[23] Prof. Huxley, in one of his latest utterances, puts this point strongly: "The practice of what is ethically best—what we call goodness or virtue—involves a course of conduct which, in all respects, is opposed to that which leads to success in the cosmic struggle for existence. In place of ruthless self-assertion, it demands self-restraint; in place of thrusting aside, or treading down, all competitors, it requires that the individual shall not merely respect, but shall help his fellows; its influence is directed, not so much to the survival of the fittest, as to the fitting of as many as possible to survive." Lecture at Oxford on "Ethics and Evolution."
[24] See Dr. Martineau's Types of Ethical Theory, II, pp. 5, 99–110.
[25] W. Whewell, Elements of Morality, Sect. 275.
[26] The Doctrine of Morality, by Dr. R. B. Fairbairn (Whitaker, N. Y., 1887), pp. 109–113.
[27] This feature is recognized in what is usually termed "formal freedom," i. e. that psychical capacity of rational choice which is essentially formative of "personality." To lose this would be the loss of personality. Whether the power of free choice between good and evil is impaired in man's corrupt state, being put in bondage or subserviency to a depraved love of sin, is quite a different question.
[28] "Liberum arbitrium habetur, quando positis ad agendum requisitis, potest quis agere vel non agere." Quoted from W. S. Lilly's Right and Wrong, p. 104, 2d Ed., London, Chapman and Hall.
[29] Part I, Chap. VI.
[30] Materialistic evolution, which holds matter as being the energy and cause of all things, leaves no place for free-will, because in truth it leaves no place for mind. For "mind" or "soul" as a real entity or being which thinks, feels and wills, it substitutes mere "mentality" as an effect of atomic or molecular changes in the brain. "Mind," as a self-conscious spirit that itself self-knowingly acts, is repudiated. Nothing is left but a series of sensations, thoughts and wishes that are as truly physically-produced effects as are the varied perfumes of flowers, the fall of rain or the waves of the sea. No selfhood remains in man but the physical organism which, in material causation, gives out the various forms of products or manifestations denominated "mental." But this materialistic theory is not science. It not only stands contradicted by the common judgment of mankind in all ages, but breaks down utterly in the presence of scientific psychology. For this finds among its unquestionable and irreducible facts a real self-conscious subject or self back of the series of thoughts, emotions and volitions, holding all these psychical experiences in its unitary consciousness, and, with its memories of the past, carrying its personal identity through present activity on into the future. The series of mental experiences, in the theory, are independent of each other and dependent only on the brain changes which directly produce them, and thus, by necessity, ignorant of each other. Personal identity, therefore, is full disproof of the theory. For personal identity rests in a single abiding consciousness, in which all separate mental acts are known as its own acts, the materials for memory and comparison. The truth is, that all moral distinctions arise out of the conviction that each individual, in the center of his personality, is a soul, itself determining its rational choices and responsible for the conduct of life.

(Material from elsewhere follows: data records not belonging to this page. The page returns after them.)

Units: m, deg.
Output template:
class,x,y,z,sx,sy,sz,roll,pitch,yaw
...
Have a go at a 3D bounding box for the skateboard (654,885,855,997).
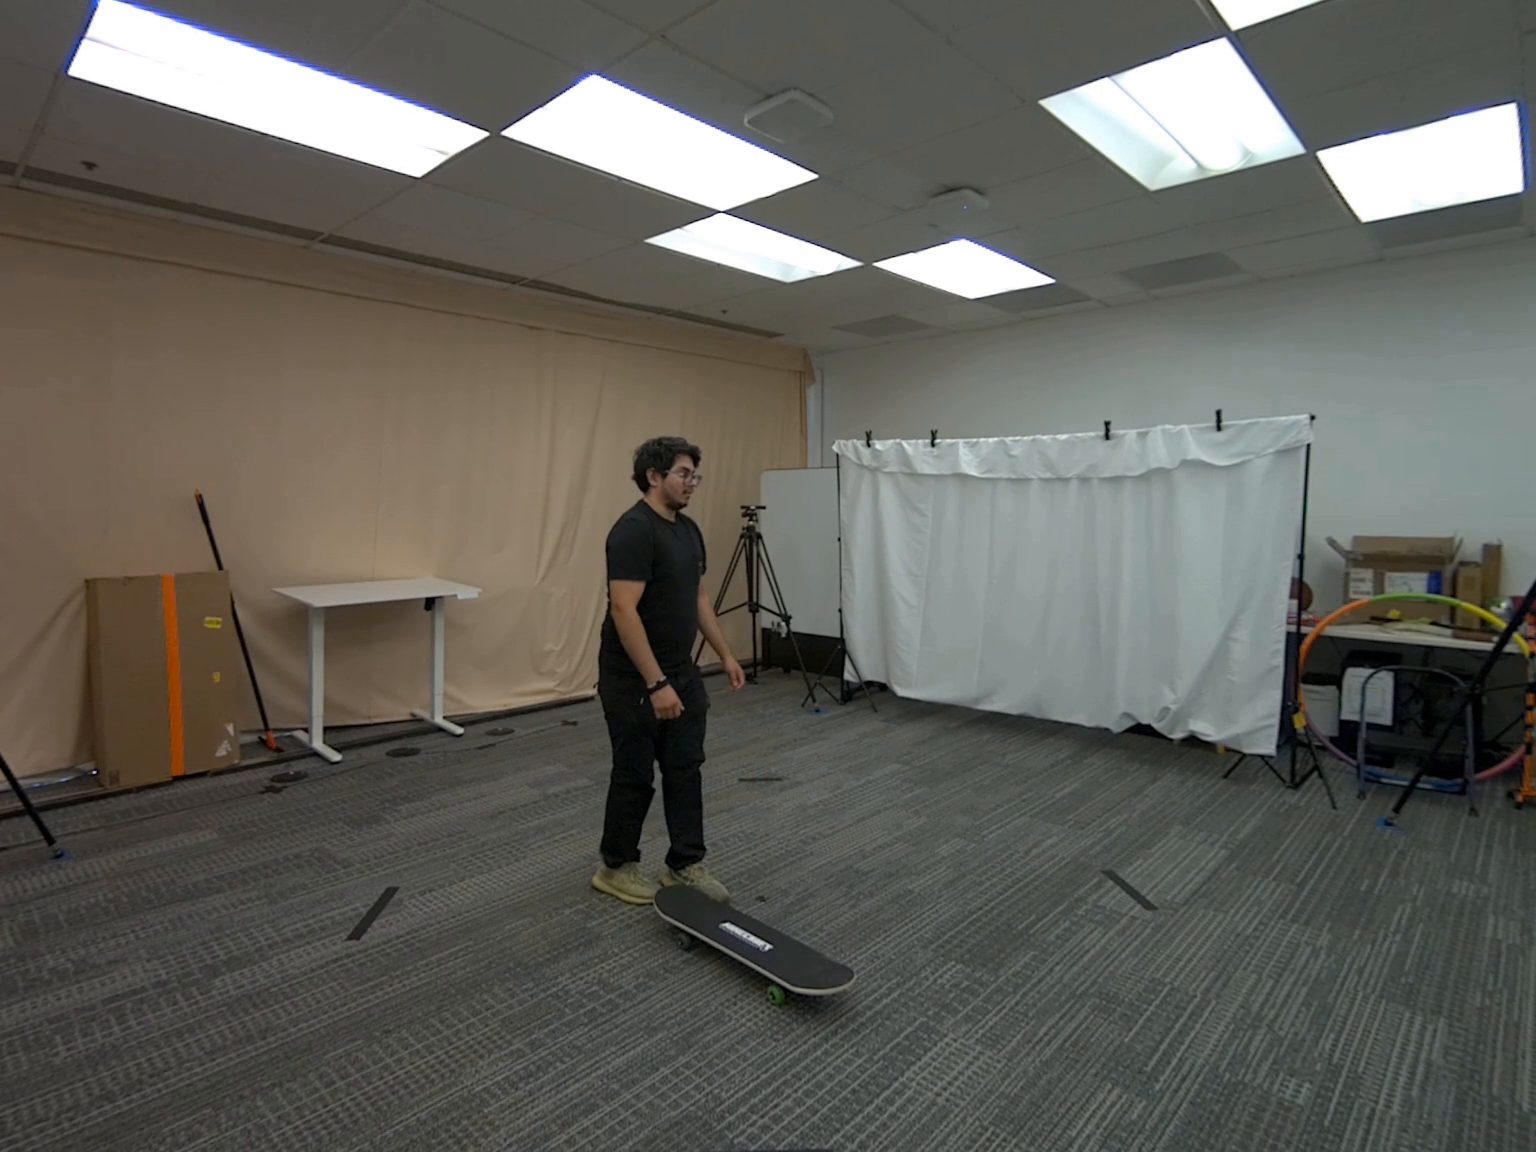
class,x,y,z,sx,sy,sz,roll,pitch,yaw
skateboard,-0.065,1.125,2.549,0.187,0.110,0.812,-4,6,-45

[31] The contradiction thus involved is well put by Prof. E. D. Roe, of Oberlin, O., in Bibliotheca Sacra, Oct., 1894: "This law (autonomy) pre-supposes the freedom of the will, for without freedom 'oughtness,' 'responsibility' and 'repentance' would possess no significance. Every one, as the necessarians admit, acts under the idea of freedom. Their hypothesis to explain this is, that the subject acts under illusion (necessary illusion, of course). But here an hypothesis is necessary to explain the hypothesis. Why, if necessity is the truth, is the subject necessitated to believe falsity? A very strange truth it is which necessitates itself to be disbelieved." Pp. 656, 657.
[32] See Introduction to the Study of Philosophy, by J. H. W.Stuckenberg, D. D. (Armstrong & Sons, New York, 1888), pp. 321, 322.